Lecornu şimdi ani bir güven oylamasından kaçınmak için uzlaşma aramak zorunda kalacak ve hatta Macron'un ikinci başkanlık döneminde imza politikalarından biri olan son derece sevilmeyen emeklilik reformundan vazgeçmek zorunda kalabilir. Kitlesel protestolara rağmen 2023'te parlamentodan oylama yapılmadan geçen yasa, emeklilik yaşını kademeli olarak 62'den 64'e çıkarıyor.

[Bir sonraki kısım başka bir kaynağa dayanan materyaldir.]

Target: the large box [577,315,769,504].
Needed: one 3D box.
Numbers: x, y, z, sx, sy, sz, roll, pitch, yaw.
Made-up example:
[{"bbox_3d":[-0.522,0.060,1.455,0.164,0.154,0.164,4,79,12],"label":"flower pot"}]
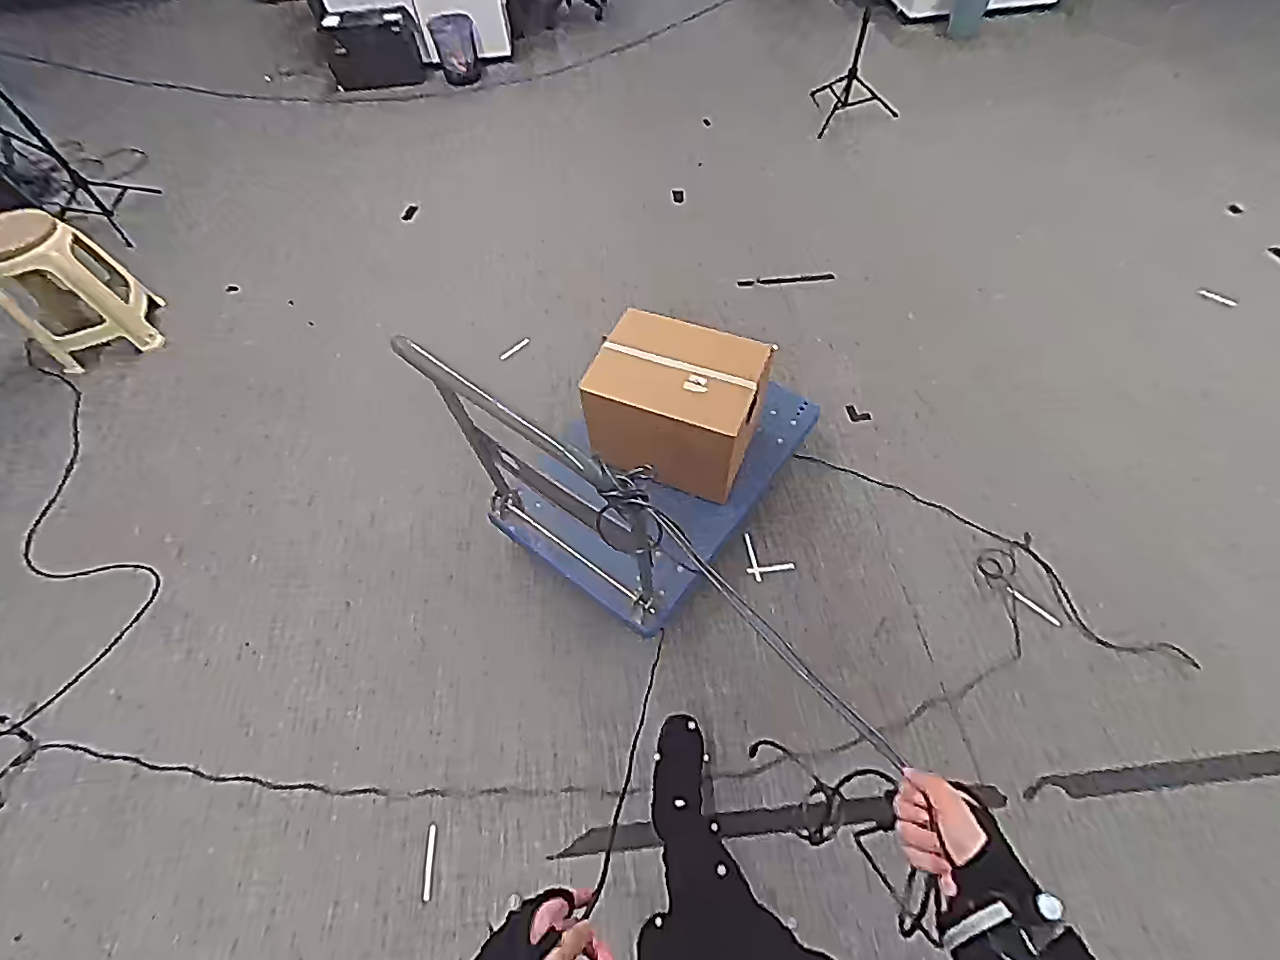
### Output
[{"bbox_3d":[0.088,-0.186,1.457,0.408,0.320,0.320,19,61,13],"label":"large box"}]
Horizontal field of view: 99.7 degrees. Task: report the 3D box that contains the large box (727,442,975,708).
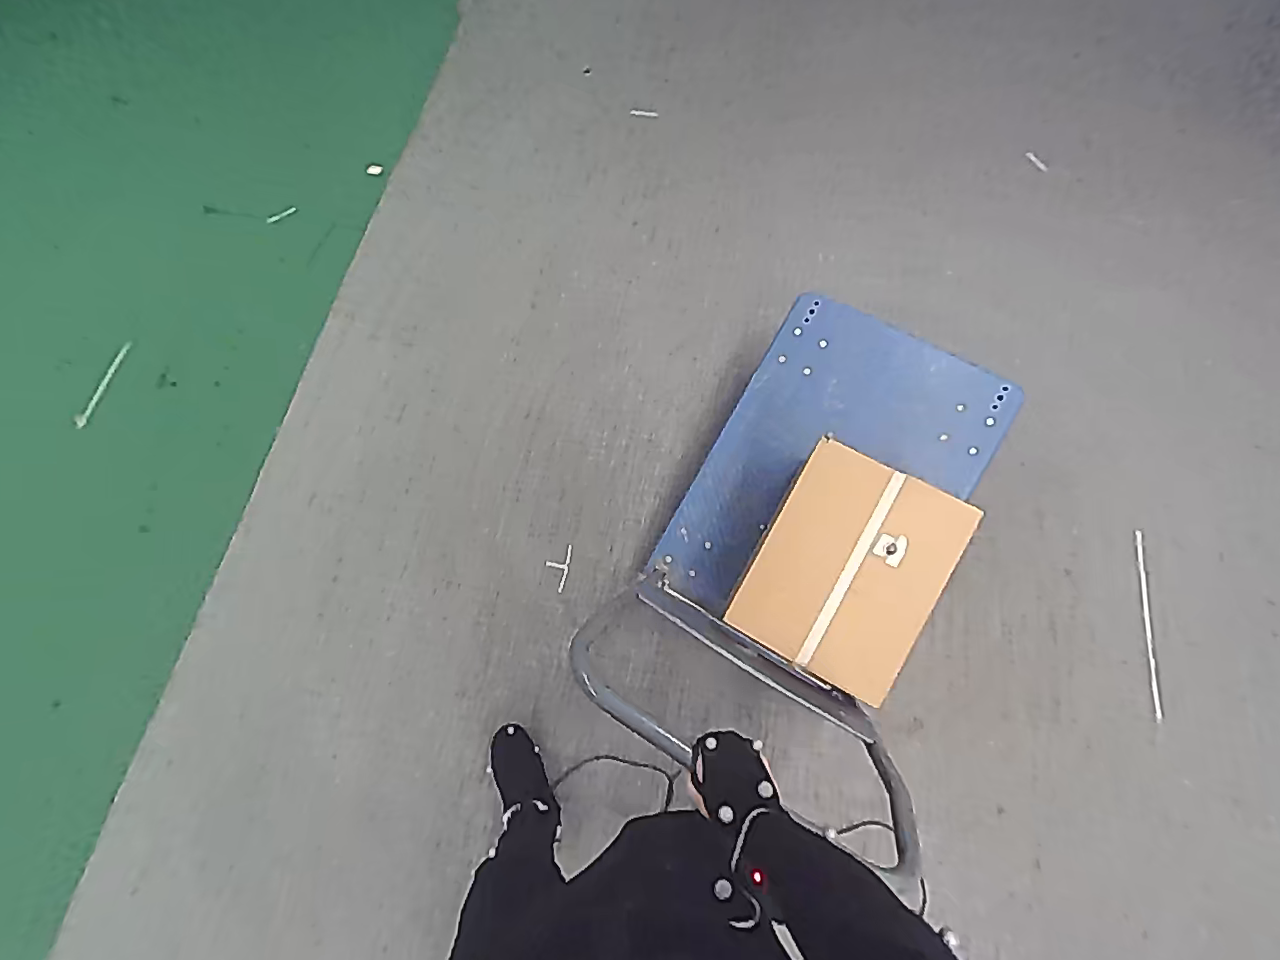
[{"bbox_3d":[0.413,0.190,1.151,0.320,0.320,0.408,29,88,12],"label":"large box"}]
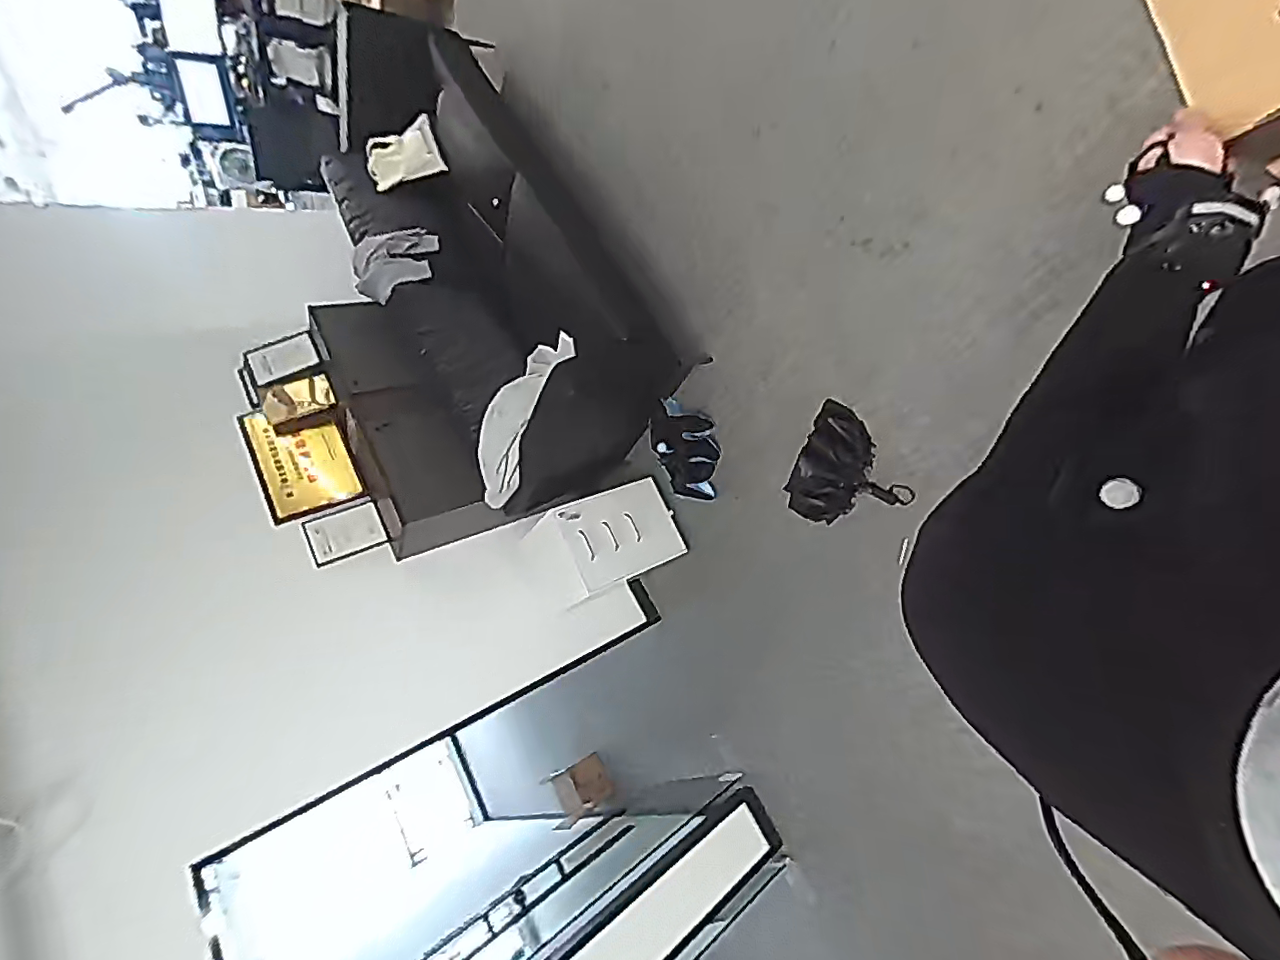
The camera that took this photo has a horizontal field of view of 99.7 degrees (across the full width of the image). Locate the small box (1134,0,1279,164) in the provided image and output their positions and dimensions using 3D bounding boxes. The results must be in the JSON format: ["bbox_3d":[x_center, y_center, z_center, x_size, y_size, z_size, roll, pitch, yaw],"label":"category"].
[{"bbox_3d":[0.588,-0.401,0.460,0.168,0.176,0.179,-30,74,62],"label":"small box"}]
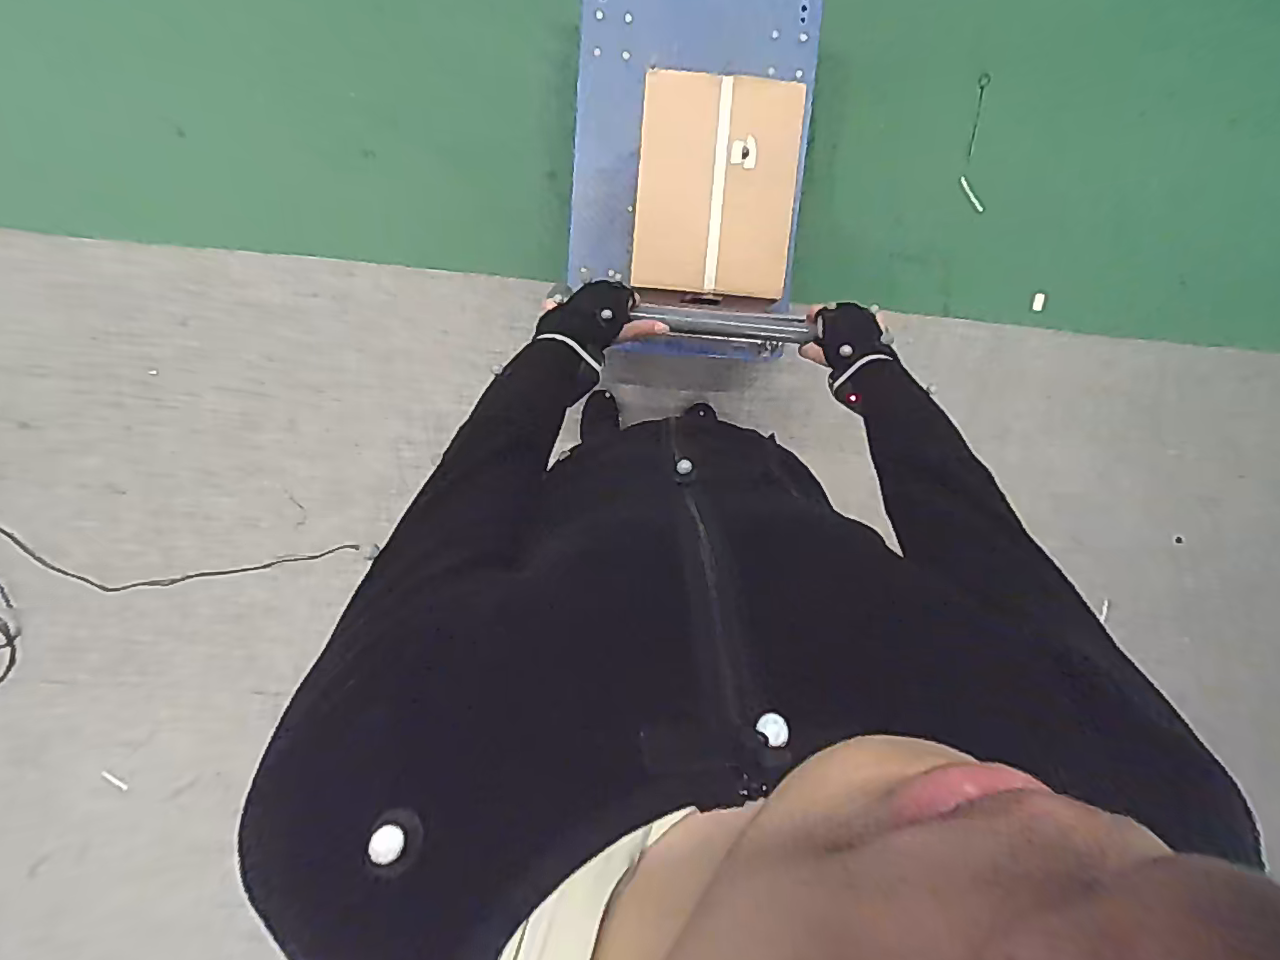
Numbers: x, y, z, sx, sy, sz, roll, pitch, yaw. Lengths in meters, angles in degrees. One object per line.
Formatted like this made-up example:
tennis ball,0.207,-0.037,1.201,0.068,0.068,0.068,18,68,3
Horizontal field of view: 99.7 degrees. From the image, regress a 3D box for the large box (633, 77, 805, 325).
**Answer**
large box,0.149,-0.578,1.204,0.320,0.320,0.408,4,97,-3
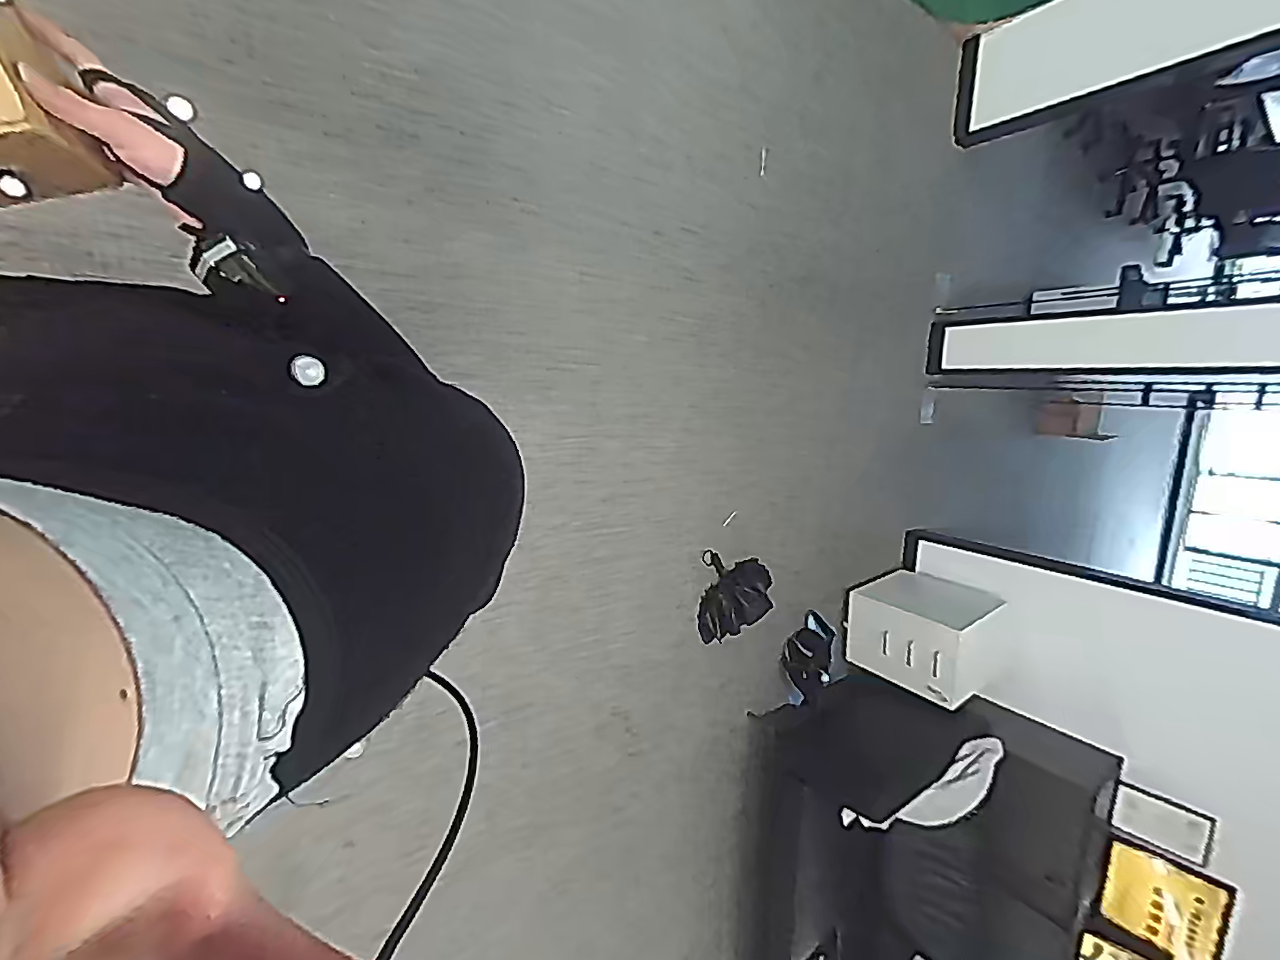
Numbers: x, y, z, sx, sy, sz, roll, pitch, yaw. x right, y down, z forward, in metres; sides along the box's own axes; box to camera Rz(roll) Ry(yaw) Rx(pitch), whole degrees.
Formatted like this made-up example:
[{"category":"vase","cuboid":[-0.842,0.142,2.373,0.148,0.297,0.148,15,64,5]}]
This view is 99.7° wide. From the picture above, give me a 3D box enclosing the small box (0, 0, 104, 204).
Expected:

Muhalefet partileri bunun iptal edilmesini istiyor.
Siyasi çıkmaz, Macron'un Haziran 2024'te Ulusal Meclis'i feshetme yönündeki şok kararından kaynaklanıyor. Erken seçimler, hiçbir bloğun 577 sandalyeli mecliste çoğunluğu sağlayamadığı askıda bir parlamento yarattı. Bu tıkanıklık yatırımcıların cesaretini kırdı, seçmenleri çileden çıkardı ve Fransa'nın giderek artan bütçe açığını ve kamu borcunu durdurma çabalarını sekteye uğrattı.
İstikrarlı bir destek olmadan Macron'un hükümetleri bir krizden diğerine tökezledi ve sevilmeyen harcama kesintileri için destek ararken çöktü. Lecornu'nun Kabinesini açıkladıktan sadece 14 saat sonra istifası, derin siyasi ve kişisel rekabetler arasında cumhurbaşkanının koalisyonunun kırılganlığının altını çizdi.